Multi-Circuited Evaporator

In an evaporator, there is always the possibility that the distribution of refrigerant or air may be unequal between the circuits, which usually results in lower evaporator performance. In the case of equal distribution between circuits, the analysis of the Evaporator can be used, otherwise the multi-circuited evaporator is needed. The multi-circuited evaporator (MCE) analyzed as being a set of evaporators, each comprising one circuit, that are then each fed fed some (not necessarily even) distribution of refrigerant and air.

Mathematical Description

The MCE model is capable of handling the following types of maldistribution:

  • Volumetric air flow mal-distribution
  • Air-side inlet condition mal-distribution
  • Refrigerant mass-flow-per-circuit mal-distribution
  • Refrigerant quality-per-circuit mal-distribution

For the MCE, there are N_{circuits} circuits, and each circuit is treated as an individual evaporator, since then the analysis for each circuit can be provided by the analysis for the conventional evaporator with one circuit.

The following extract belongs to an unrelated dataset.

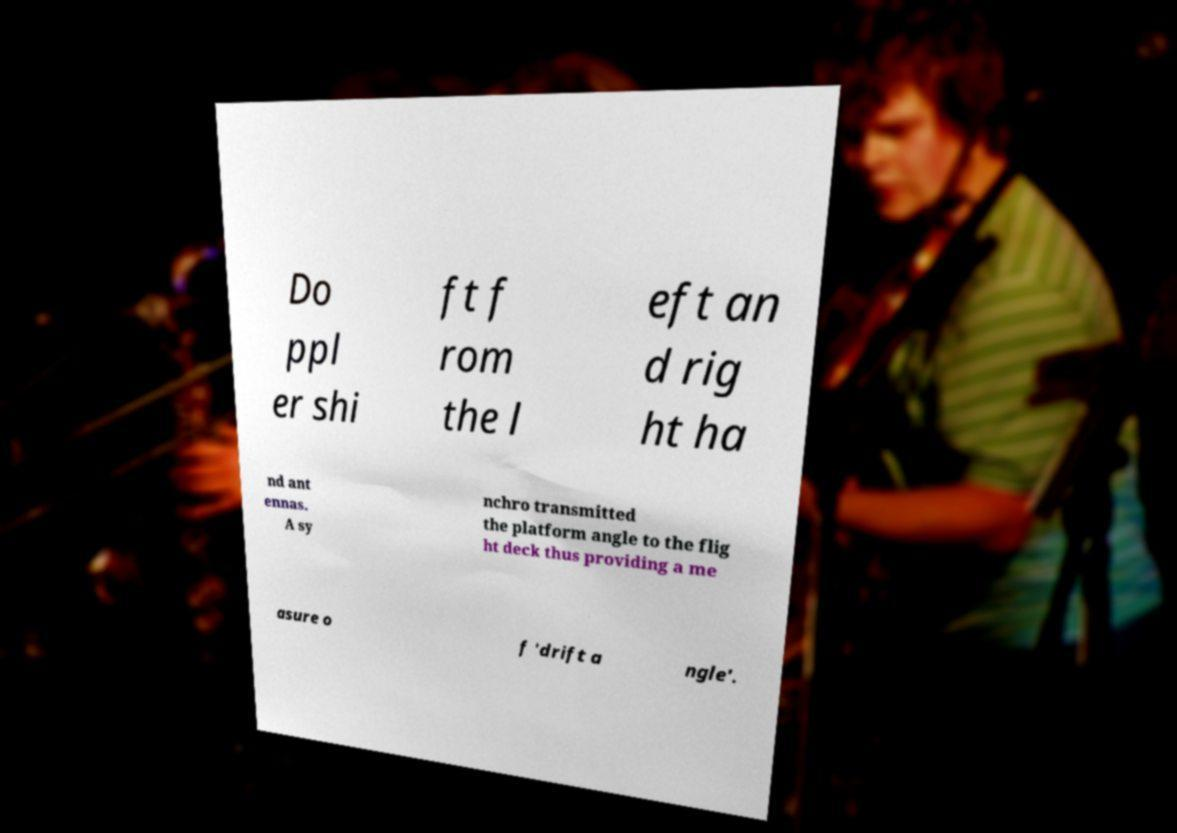Could you assist in decoding the text presented in this image and type it out clearly? Do ppl er shi ft f rom the l eft an d rig ht ha nd ant ennas. A sy nchro transmitted the platform angle to the flig ht deck thus providing a me asure o f 'drift a ngle'. 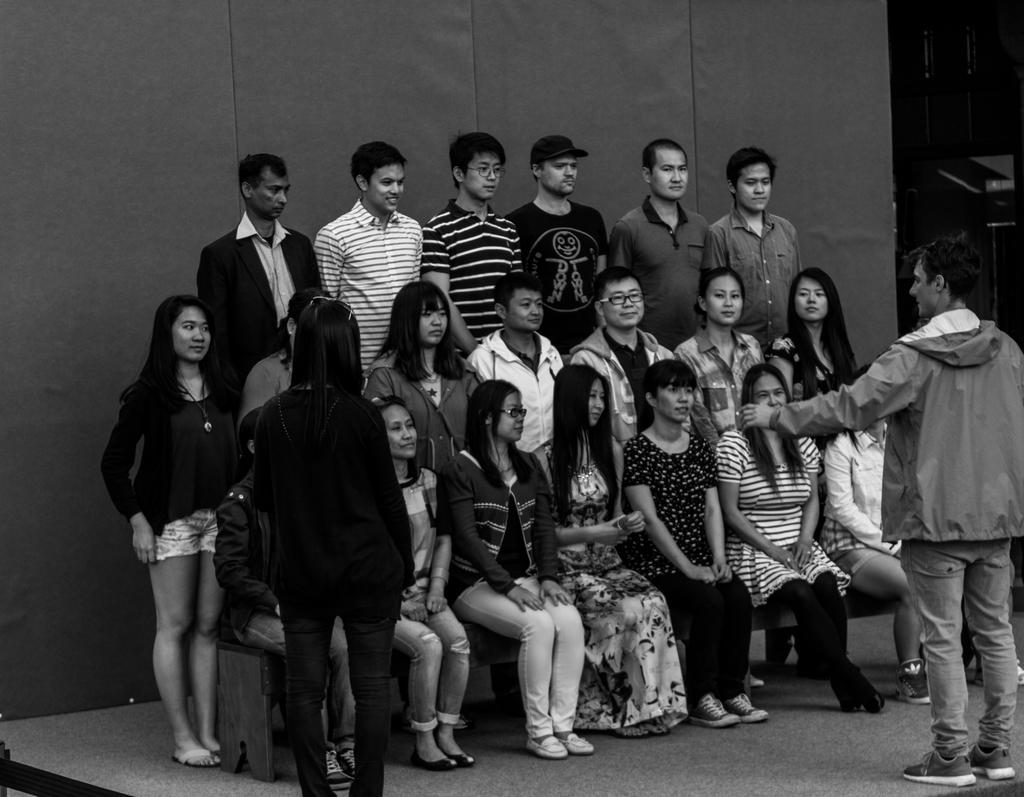What is the color scheme of the image? The image is black and white. What can be seen in the image? There are people in the image. What are some of the people in the image doing? Some people are sitting. What is visible at the bottom of the image? There is a floor visible at the bottom of the image. What type of scent can be detected in the image? There is no mention of any scent in the image, as it is a black and white image of people and a floor.

For the MCE, the total refrigerant mass flow rate \dot m_r is known as an input (which arises from the compressor map). The total refrigerant mass flow rate per circuit can be given by

\dot m_{r,i} = \gamma _i \dot m_r

where \gamma_i is the mass flow distribution factor for the i-th circuit of the evaporator. The sum of the indices is given by

\sum_{i=0}^{N_{circuits}-1}[\gamma_i]=1

and if the flow is equally distributed, all the terms \gamma_i are equal.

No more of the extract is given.